_WHAT TO PRODUCE_: Scan the data below and copy each line where "textColor" occurs.

--- INPUT FOR THIS TASK Enclosed Below ---

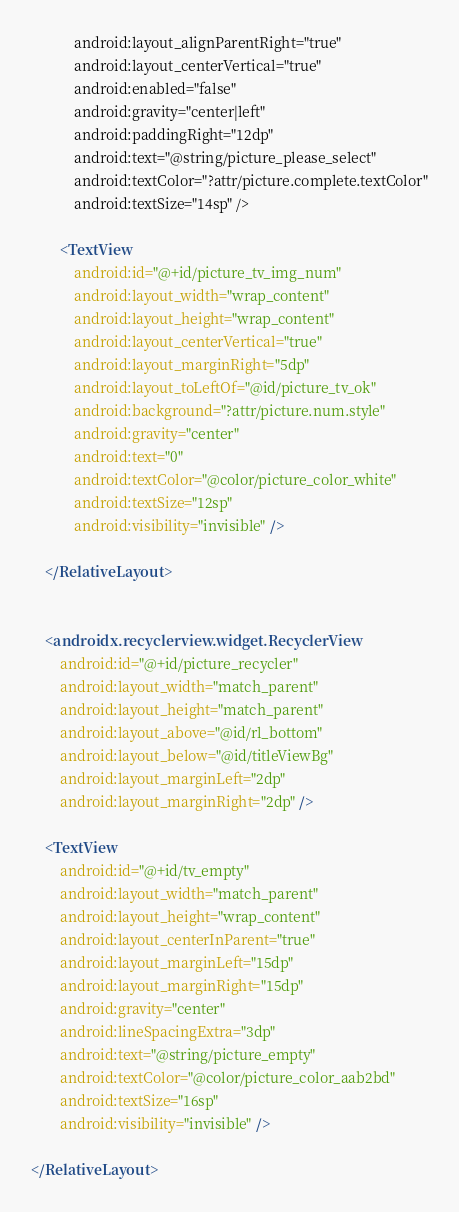Convert code to text. <code><loc_0><loc_0><loc_500><loc_500><_XML_>            android:layout_alignParentRight="true"
            android:layout_centerVertical="true"
            android:enabled="false"
            android:gravity="center|left"
            android:paddingRight="12dp"
            android:text="@string/picture_please_select"
            android:textColor="?attr/picture.complete.textColor"
            android:textSize="14sp" />

        <TextView
            android:id="@+id/picture_tv_img_num"
            android:layout_width="wrap_content"
            android:layout_height="wrap_content"
            android:layout_centerVertical="true"
            android:layout_marginRight="5dp"
            android:layout_toLeftOf="@id/picture_tv_ok"
            android:background="?attr/picture.num.style"
            android:gravity="center"
            android:text="0"
            android:textColor="@color/picture_color_white"
            android:textSize="12sp"
            android:visibility="invisible" />

    </RelativeLayout>


    <androidx.recyclerview.widget.RecyclerView
        android:id="@+id/picture_recycler"
        android:layout_width="match_parent"
        android:layout_height="match_parent"
        android:layout_above="@id/rl_bottom"
        android:layout_below="@id/titleViewBg"
        android:layout_marginLeft="2dp"
        android:layout_marginRight="2dp" />

    <TextView
        android:id="@+id/tv_empty"
        android:layout_width="match_parent"
        android:layout_height="wrap_content"
        android:layout_centerInParent="true"
        android:layout_marginLeft="15dp"
        android:layout_marginRight="15dp"
        android:gravity="center"
        android:lineSpacingExtra="3dp"
        android:text="@string/picture_empty"
        android:textColor="@color/picture_color_aab2bd"
        android:textSize="16sp"
        android:visibility="invisible" />

</RelativeLayout>
</code> 
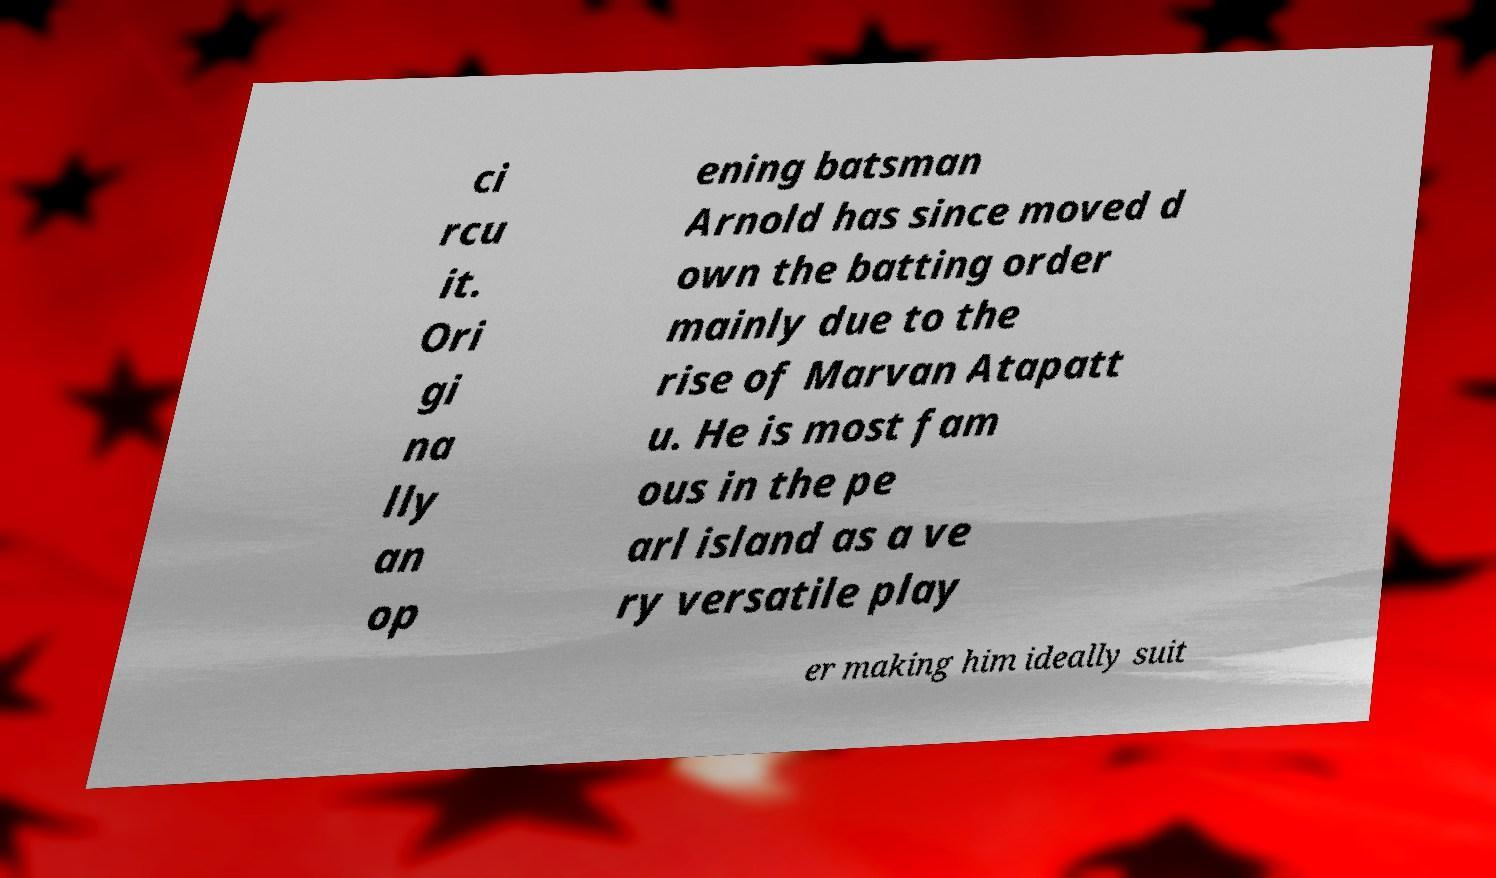I need the written content from this picture converted into text. Can you do that? ci rcu it. Ori gi na lly an op ening batsman Arnold has since moved d own the batting order mainly due to the rise of Marvan Atapatt u. He is most fam ous in the pe arl island as a ve ry versatile play er making him ideally suit

--- End of Enclosed INPUT FOR THIS TASK ---

_TASK OUTPUT_:
            android:textColor="?attr/picture.complete.textColor"
            android:textColor="@color/picture_color_white"
        android:textColor="@color/picture_color_aab2bd"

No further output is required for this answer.